- _WHAT THE TASK ASKS_
Restate all of the entries exactly, each line as it stands.

(Items listed in a dataset)
- Opening Delimiter -

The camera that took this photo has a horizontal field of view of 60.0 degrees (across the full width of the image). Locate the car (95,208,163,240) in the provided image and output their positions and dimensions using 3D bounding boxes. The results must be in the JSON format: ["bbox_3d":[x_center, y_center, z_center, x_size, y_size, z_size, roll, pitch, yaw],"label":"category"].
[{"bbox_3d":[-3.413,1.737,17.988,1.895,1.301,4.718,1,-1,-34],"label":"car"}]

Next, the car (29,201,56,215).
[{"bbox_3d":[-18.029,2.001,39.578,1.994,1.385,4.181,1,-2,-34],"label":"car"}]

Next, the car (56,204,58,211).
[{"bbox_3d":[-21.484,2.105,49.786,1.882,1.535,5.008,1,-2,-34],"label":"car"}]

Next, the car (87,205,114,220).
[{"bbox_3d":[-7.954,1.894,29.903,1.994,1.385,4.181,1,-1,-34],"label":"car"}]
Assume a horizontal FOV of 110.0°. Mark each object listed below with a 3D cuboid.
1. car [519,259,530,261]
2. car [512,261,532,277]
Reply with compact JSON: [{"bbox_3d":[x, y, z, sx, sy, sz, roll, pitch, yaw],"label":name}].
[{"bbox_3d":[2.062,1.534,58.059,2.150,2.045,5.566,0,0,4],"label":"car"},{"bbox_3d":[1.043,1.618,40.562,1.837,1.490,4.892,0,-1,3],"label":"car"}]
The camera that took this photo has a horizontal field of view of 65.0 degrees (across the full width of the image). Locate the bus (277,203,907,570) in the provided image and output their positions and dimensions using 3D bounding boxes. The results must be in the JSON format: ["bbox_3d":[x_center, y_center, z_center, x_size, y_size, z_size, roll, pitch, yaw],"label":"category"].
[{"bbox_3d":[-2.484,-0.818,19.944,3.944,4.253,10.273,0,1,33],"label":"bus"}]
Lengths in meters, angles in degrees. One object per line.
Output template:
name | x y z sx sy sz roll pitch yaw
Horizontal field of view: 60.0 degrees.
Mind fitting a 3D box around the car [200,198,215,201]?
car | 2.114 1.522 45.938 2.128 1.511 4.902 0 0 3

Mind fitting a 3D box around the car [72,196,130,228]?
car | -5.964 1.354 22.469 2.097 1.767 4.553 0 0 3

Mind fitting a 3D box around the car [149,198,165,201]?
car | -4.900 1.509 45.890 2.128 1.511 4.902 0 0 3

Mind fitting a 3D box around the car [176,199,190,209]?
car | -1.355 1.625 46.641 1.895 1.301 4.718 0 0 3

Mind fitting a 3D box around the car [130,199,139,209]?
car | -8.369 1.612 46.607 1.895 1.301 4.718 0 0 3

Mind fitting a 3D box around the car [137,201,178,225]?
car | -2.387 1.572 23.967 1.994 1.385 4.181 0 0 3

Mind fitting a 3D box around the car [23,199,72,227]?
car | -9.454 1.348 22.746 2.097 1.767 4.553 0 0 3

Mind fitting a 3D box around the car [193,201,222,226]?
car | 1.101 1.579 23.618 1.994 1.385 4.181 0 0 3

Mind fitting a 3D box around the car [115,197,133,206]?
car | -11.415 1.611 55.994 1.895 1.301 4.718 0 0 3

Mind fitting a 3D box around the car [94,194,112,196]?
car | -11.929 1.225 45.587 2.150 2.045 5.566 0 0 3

- Closing Delimiter -

- _RESULT OF THE TASK_
The camera that took this photo has a horizontal field of view of 60.0 degrees (across the full width of the image). Locate the car (95,208,163,240) in the provided image and output their positions and dimensions using 3D bounding boxes. The results must be in the JSON format: ["bbox_3d":[x_center, y_center, z_center, x_size, y_size, z_size, roll, pitch, yaw],"label":"category"].
[{"bbox_3d":[-3.413,1.737,17.988,1.895,1.301,4.718,1,-1,-34],"label":"car"}]

Next, the car (29,201,56,215).
[{"bbox_3d":[-18.029,2.001,39.578,1.994,1.385,4.181,1,-2,-34],"label":"car"}]

Next, the car (56,204,58,211).
[{"bbox_3d":[-21.484,2.105,49.786,1.882,1.535,5.008,1,-2,-34],"label":"car"}]

Next, the car (87,205,114,220).
[{"bbox_3d":[-7.954,1.894,29.903,1.994,1.385,4.181,1,-1,-34],"label":"car"}]
Assume a horizontal FOV of 110.0°. Mark each object listed below with a 3D cuboid.
1. car [519,259,530,261]
2. car [512,261,532,277]
Reply with compact JSON: [{"bbox_3d":[x, y, z, sx, sy, sz, roll, pitch, yaw],"label":name}].
[{"bbox_3d":[2.062,1.534,58.059,2.150,2.045,5.566,0,0,4],"label":"car"},{"bbox_3d":[1.043,1.618,40.562,1.837,1.490,4.892,0,-1,3],"label":"car"}]
The camera that took this photo has a horizontal field of view of 65.0 degrees (across the full width of the image). Locate the bus (277,203,907,570) in the provided image and output their positions and dimensions using 3D bounding boxes. The results must be in the JSON format: ["bbox_3d":[x_center, y_center, z_center, x_size, y_size, z_size, roll, pitch, yaw],"label":"category"].
[{"bbox_3d":[-2.484,-0.818,19.944,3.944,4.253,10.273,0,1,33],"label":"bus"}]
Lengths in meters, angles in degrees. One object per line.
Output template:
name | x y z sx sy sz roll pitch yaw
Horizontal field of view: 60.0 degrees.
Mind fitting a 3D box around the car [200,198,215,201]?
car | 2.114 1.522 45.938 2.128 1.511 4.902 0 0 3

Mind fitting a 3D box around the car [72,196,130,228]?
car | -5.964 1.354 22.469 2.097 1.767 4.553 0 0 3

Mind fitting a 3D box around the car [149,198,165,201]?
car | -4.900 1.509 45.890 2.128 1.511 4.902 0 0 3

Mind fitting a 3D box around the car [176,199,190,209]?
car | -1.355 1.625 46.641 1.895 1.301 4.718 0 0 3

Mind fitting a 3D box around the car [130,199,139,209]?
car | -8.369 1.612 46.607 1.895 1.301 4.718 0 0 3

Mind fitting a 3D box around the car [137,201,178,225]?
car | -2.387 1.572 23.967 1.994 1.385 4.181 0 0 3

Mind fitting a 3D box around the car [23,199,72,227]?
car | -9.454 1.348 22.746 2.097 1.767 4.553 0 0 3

Mind fitting a 3D box around the car [193,201,222,226]?
car | 1.101 1.579 23.618 1.994 1.385 4.181 0 0 3

Mind fitting a 3D box around the car [115,197,133,206]?
car | -11.415 1.611 55.994 1.895 1.301 4.718 0 0 3

Mind fitting a 3D box around the car [94,194,112,196]?
car | -11.929 1.225 45.587 2.150 2.045 5.566 0 0 3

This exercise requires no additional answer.